Your instructions >>
Only the lines from the one with "Now for the cardboard box from (813, 118)" to the end of the material should be reproduced, exactly and in full, both ends included.

Provided material >>
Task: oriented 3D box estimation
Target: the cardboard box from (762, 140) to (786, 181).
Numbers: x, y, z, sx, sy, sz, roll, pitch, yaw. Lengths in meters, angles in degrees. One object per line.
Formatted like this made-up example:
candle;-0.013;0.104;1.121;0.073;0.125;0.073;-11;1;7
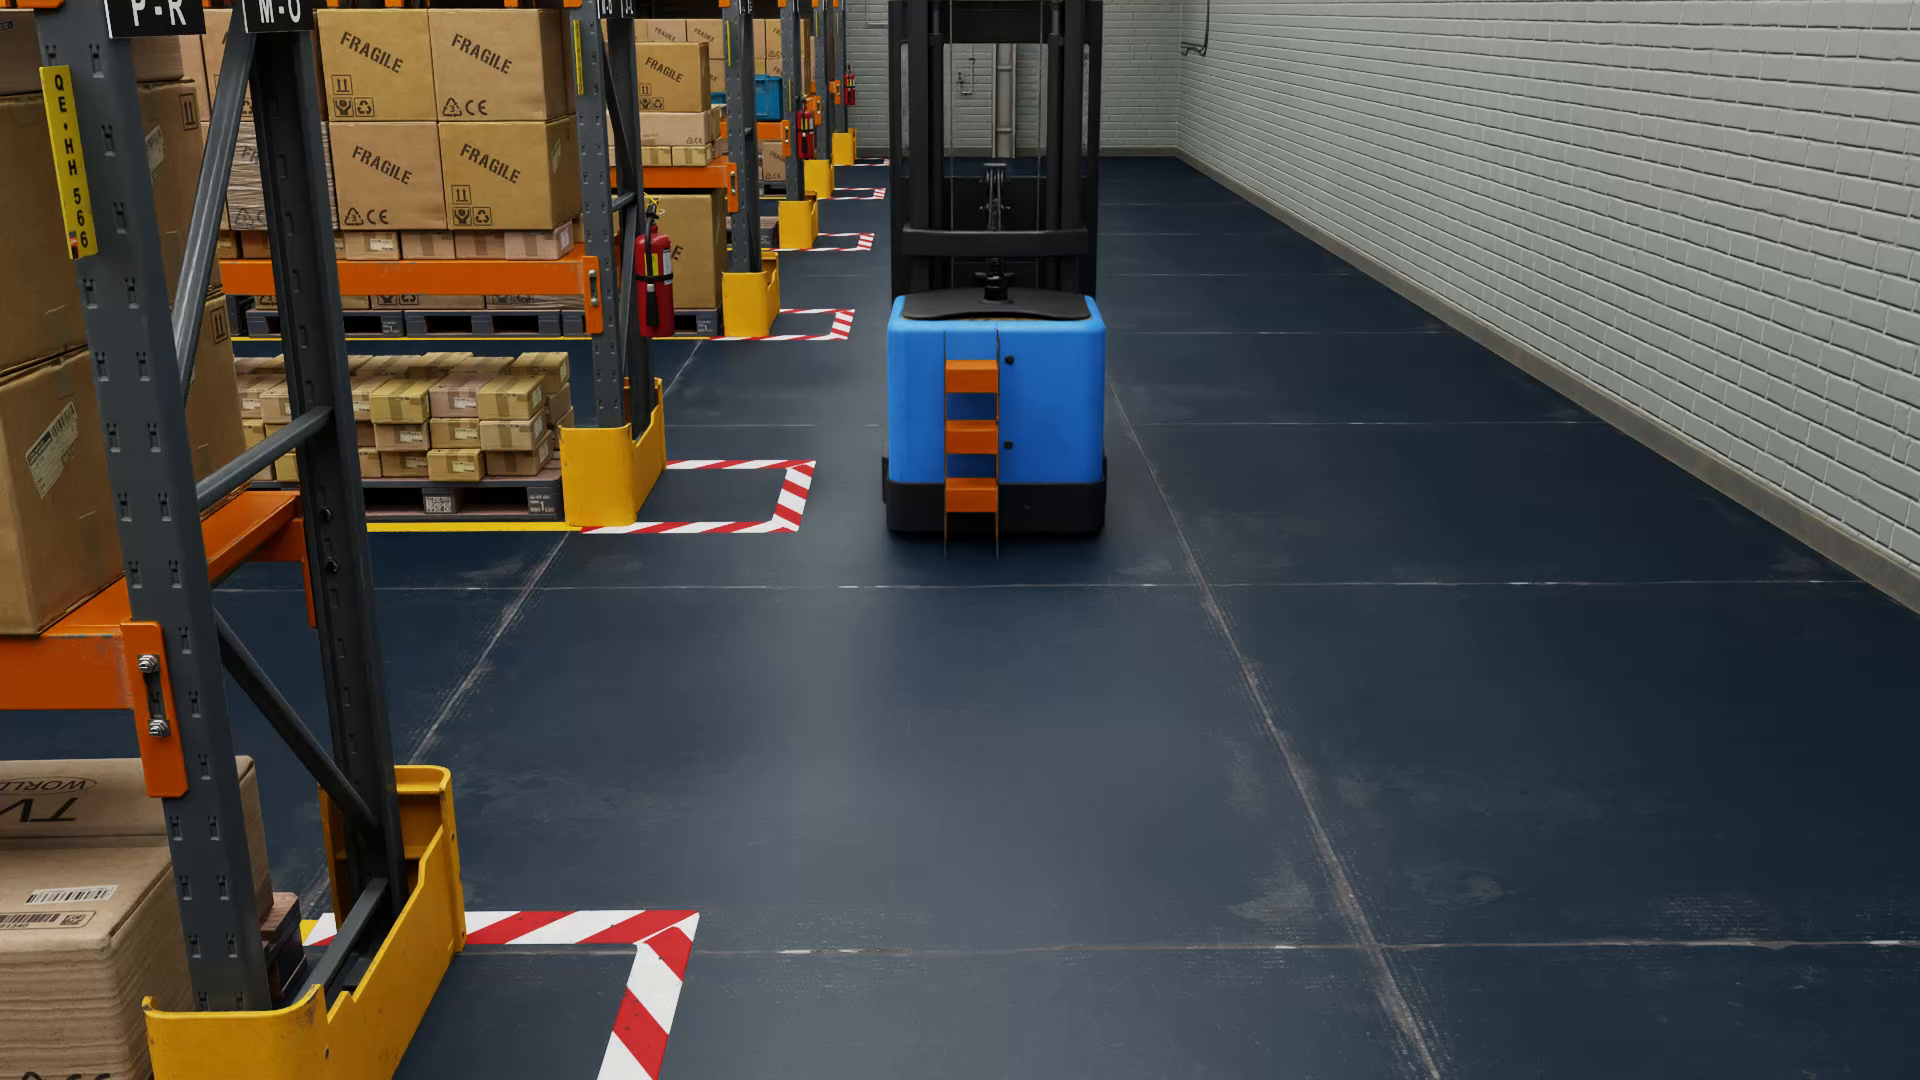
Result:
cardboard box;-2.400;-5.155;22.580;0.500;0.500;0.500;0;18;-1

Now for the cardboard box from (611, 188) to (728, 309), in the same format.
cardboard box;-2.347;-2.349;13.251;0.875;0.875;0.875;0;18;-1

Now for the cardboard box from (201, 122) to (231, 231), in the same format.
cardboard box;-3.697;-1.776;8.022;0.500;0.500;0.500;1;18;2

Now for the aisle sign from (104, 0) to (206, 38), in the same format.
aisle sign;-1.475;-1.305;2.950;0.004;0.787;0.394;0;18;-1

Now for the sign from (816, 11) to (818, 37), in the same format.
sign;-1.872;-6.746;21.754;0.005;0.325;0.100;0;18;-1

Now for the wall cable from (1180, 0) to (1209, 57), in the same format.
wall cable;3.718;-9.023;26.527;0.112;2.526;3.097;0;18;-1

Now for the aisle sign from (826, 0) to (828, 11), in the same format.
aisle sign;-1.797;-7.542;22.391;0.004;0.787;0.394;0;18;-1

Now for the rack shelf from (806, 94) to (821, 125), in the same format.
rack shelf;-3.860;-5.862;22.588;4.000;0.370;1.077;0;18;-1

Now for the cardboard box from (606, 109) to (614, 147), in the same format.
cardboard box;-2.696;-3.173;12.787;0.500;0.250;0.500;-1;18;-2

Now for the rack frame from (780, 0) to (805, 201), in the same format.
rack frame;-1.786;-4.701;17.792;0.127;3.000;1.000;0;18;-1

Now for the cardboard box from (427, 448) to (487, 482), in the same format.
cardboard box;-2.509;-0.417;8.417;0.250;0.149;0.380;0;18;1

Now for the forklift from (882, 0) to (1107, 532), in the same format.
forklift;0.179;-1.828;8.947;1.130;2.935;3.031;0;18;0

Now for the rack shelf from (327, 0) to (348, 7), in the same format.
rack shelf;-11.941;-8.764;26.725;4.000;0.370;1.077;0;18;-1

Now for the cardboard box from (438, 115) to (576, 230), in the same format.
cardboard box;-2.176;-1.781;8.040;0.500;0.500;0.500;0;18;0

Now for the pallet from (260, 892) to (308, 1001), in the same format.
pallet;-2.350;1.194;3.980;1.213;0.211;1.003;0;18;-1

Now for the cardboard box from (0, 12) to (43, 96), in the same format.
cardboard box;-1.907;-0.931;3.178;0.250;0.149;0.380;0;18;0

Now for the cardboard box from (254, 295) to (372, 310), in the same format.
cardboard box;-5.046;-2.336;13.210;0.875;0.875;0.875;0;18;-1

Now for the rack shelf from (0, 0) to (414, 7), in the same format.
rack shelf;-7.785;-5.758;17.353;4.000;0.370;1.077;0;18;-1

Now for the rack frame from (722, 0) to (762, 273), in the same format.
rack frame;-1.708;-3.188;13.076;0.127;3.000;1.000;0;18;-1

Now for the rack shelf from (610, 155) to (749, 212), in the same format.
rack shelf;-3.708;-2.836;13.156;4.000;0.370;1.077;0;18;-1

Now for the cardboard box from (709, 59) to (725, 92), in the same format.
cardboard box;-3.322;-6.172;22.213;0.500;0.500;0.500;0;18;0

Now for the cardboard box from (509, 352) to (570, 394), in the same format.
cardboard box;-2.260;-0.900;8.948;0.250;0.149;0.380;-1;18;-3

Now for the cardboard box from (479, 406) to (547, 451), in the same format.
cardboard box;-2.254;-0.567;8.398;0.250;0.149;0.380;-1;18;-2

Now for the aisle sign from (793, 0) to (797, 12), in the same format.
aisle sign;-1.710;-5.850;17.117;0.004;0.787;0.394;0;18;-1

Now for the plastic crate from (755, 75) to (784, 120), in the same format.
plastic crate;-2.118;-4.688;17.594;0.499;0.435;0.616;0;18;-1

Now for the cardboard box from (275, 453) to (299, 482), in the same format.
cardboard box;-3.276;-0.417;8.415;0.250;0.149;0.380;-1;18;-3

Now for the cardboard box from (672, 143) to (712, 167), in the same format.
cardboard box;-2.059;-2.966;12.796;0.250;0.149;0.380;0;18;0

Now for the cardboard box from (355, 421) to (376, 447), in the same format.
cardboard box;-3.044;-0.594;8.483;0.250;0.149;0.380;0;18;-2

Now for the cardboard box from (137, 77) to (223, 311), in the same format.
cardboard box;-2.036;-0.770;3.737;0.500;0.500;0.500;-1;18;-2

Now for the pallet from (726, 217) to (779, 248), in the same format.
pallet;-2.611;-3.381;18.242;1.213;0.211;1.003;0;18;-1

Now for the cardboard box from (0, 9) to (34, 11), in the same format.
cardboard box;-4.253;-2.247;7.854;0.500;0.500;0.500;0;18;0

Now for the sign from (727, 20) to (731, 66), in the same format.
sign;-1.713;-3.687;12.346;0.005;0.325;0.100;0;18;-1

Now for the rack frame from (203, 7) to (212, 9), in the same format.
rack frame;-9.860;-6.175;22.387;0.127;3.000;1.000;0;18;-1

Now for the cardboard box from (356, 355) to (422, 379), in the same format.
cardboard box;-3.034;-0.873;8.865;0.250;0.149;0.380;-1;18;-4

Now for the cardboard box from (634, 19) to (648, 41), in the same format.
cardboard box;-4.355;-6.640;22.034;0.500;0.500;0.500;-1;18;-2

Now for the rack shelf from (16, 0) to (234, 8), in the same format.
rack shelf;-3.551;-1.238;3.262;4.000;0.370;1.077;0;18;-1

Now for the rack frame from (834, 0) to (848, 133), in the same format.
rack frame;-1.943;-7.727;27.224;0.127;3.000;1.000;0;18;-1

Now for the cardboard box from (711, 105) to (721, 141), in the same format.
cardboard box;-2.192;-3.339;13.303;0.500;0.250;0.500;-1;18;-2

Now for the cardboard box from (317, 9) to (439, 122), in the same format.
cardboard box;-2.691;-2.258;7.887;0.500;0.500;0.500;-1;18;-3

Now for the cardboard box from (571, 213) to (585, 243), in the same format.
cardboard box;-2.060;-1.652;8.698;0.250;0.149;0.380;0;18;-1

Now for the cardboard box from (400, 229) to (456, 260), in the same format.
cardboard box;-2.552;-1.470;8.130;0.250;0.149;0.380;0;18;-1

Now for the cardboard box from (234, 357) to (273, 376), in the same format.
cardboard box;-3.825;-0.857;8.815;0.250;0.149;0.380;0;18;-1

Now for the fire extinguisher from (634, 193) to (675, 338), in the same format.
fire extinguisher;-1.472;-1.319;7.985;0.183;0.674;0.296;0;18;-1

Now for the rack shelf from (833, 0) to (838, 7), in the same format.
rack shelf;-3.942;-8.803;26.846;4.000;0.370;1.077;0;18;-1

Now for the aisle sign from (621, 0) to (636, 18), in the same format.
aisle sign;-1.663;-3.003;8.242;0.004;0.787;0.394;0;18;-1

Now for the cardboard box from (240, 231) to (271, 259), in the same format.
cardboard box;-3.342;-1.486;8.181;0.250;0.149;0.380;-1;18;-3

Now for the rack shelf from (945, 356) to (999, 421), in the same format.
rack shelf;0.052;-0.693;7.595;0.240;0.259;0.215;0;18;0

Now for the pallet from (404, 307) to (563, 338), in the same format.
pallet;-3.723;-1.828;13.400;1.213;0.211;1.003;0;18;-1

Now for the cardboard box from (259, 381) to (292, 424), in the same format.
cardboard box;-3.293;-0.695;8.309;0.250;0.149;0.380;0;18;1

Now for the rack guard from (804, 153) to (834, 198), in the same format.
rack guard;-1.937;-5.023;22.888;0.348;0.500;1.175;0;18;-1

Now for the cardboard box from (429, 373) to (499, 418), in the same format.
cardboard box;-2.508;-0.735;8.434;0.250;0.149;0.380;0;18;0

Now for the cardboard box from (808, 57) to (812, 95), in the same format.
cardboard box;-2.309;-6.340;22.737;0.500;0.500;0.500;0;18;0

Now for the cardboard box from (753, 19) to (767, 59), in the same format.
cardboard box;-2.807;-6.649;22.063;0.500;0.500;0.500;0;18;1

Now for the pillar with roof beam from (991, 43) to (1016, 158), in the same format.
pillar with roof beam;0.811;-9.546;23.073;0.400;9.000;9.100;0;18;-1

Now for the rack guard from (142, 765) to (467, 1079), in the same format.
rack guard;-1.528;1.028;4.023;0.348;0.500;1.175;0;18;-1

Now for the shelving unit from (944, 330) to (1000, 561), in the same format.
shelving unit;0.052;-0.433;7.679;0.252;1.050;0.215;0;18;0

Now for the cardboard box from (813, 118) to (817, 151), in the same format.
cardboard box;-2.641;-6.703;27.436;0.500;0.500;0.700;0;18;-1

Answer space >>
Now for the cardboard box from (813, 118) to (817, 151), in the same format.
cardboard box;-2.641;-6.703;27.436;0.500;0.500;0.700;0;18;-1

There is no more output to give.